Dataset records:
__________

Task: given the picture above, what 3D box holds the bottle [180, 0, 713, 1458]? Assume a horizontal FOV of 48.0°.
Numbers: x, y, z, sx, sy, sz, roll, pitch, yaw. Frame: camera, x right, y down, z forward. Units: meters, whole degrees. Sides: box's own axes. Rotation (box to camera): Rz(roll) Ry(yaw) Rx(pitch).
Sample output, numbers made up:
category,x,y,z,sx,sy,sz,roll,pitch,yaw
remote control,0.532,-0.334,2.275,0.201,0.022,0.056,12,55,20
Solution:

__________

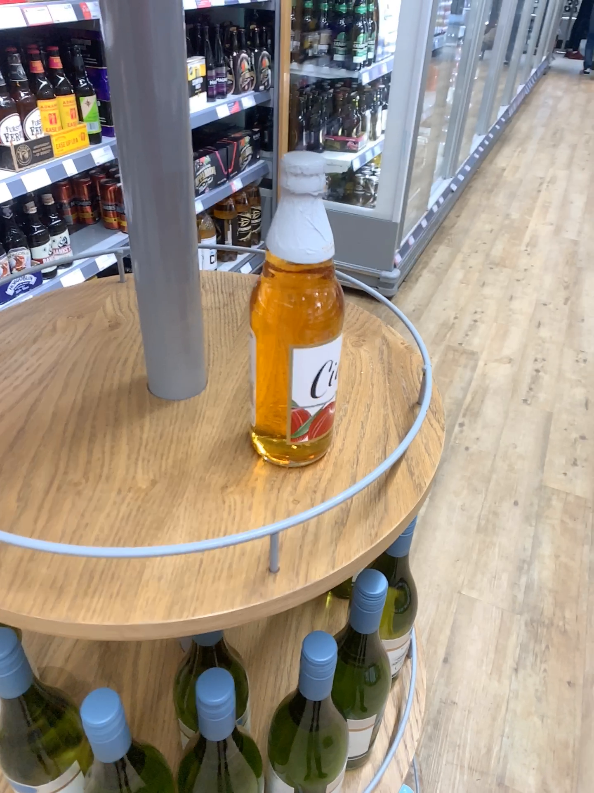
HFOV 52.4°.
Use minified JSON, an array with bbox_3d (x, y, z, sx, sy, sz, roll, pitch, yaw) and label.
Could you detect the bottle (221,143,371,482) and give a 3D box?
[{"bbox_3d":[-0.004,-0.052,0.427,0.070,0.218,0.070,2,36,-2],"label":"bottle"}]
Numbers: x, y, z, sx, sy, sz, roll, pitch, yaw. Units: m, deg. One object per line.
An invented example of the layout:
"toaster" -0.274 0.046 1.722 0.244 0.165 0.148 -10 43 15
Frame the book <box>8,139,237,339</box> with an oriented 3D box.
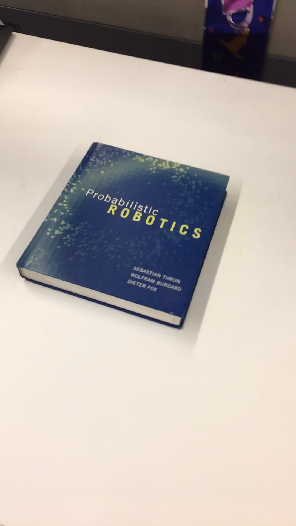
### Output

__________

**Brief**
Where a line in the records above contains the word "Units", copy that line.

**Task output**
Numbers: x, y, z, sx, sy, sz, roll, pitch, yaw. Frame: camera, x right, y down, z forward. Units: meters, whole degrees. Sides: box's own axes. Rotation (box to camera): Rz(roll) Ry(yaw) Rx(pitch).
Numbers: x, y, z, sx, sy, sz, roll, pitch, yaw. Units: m, deg. One object per line.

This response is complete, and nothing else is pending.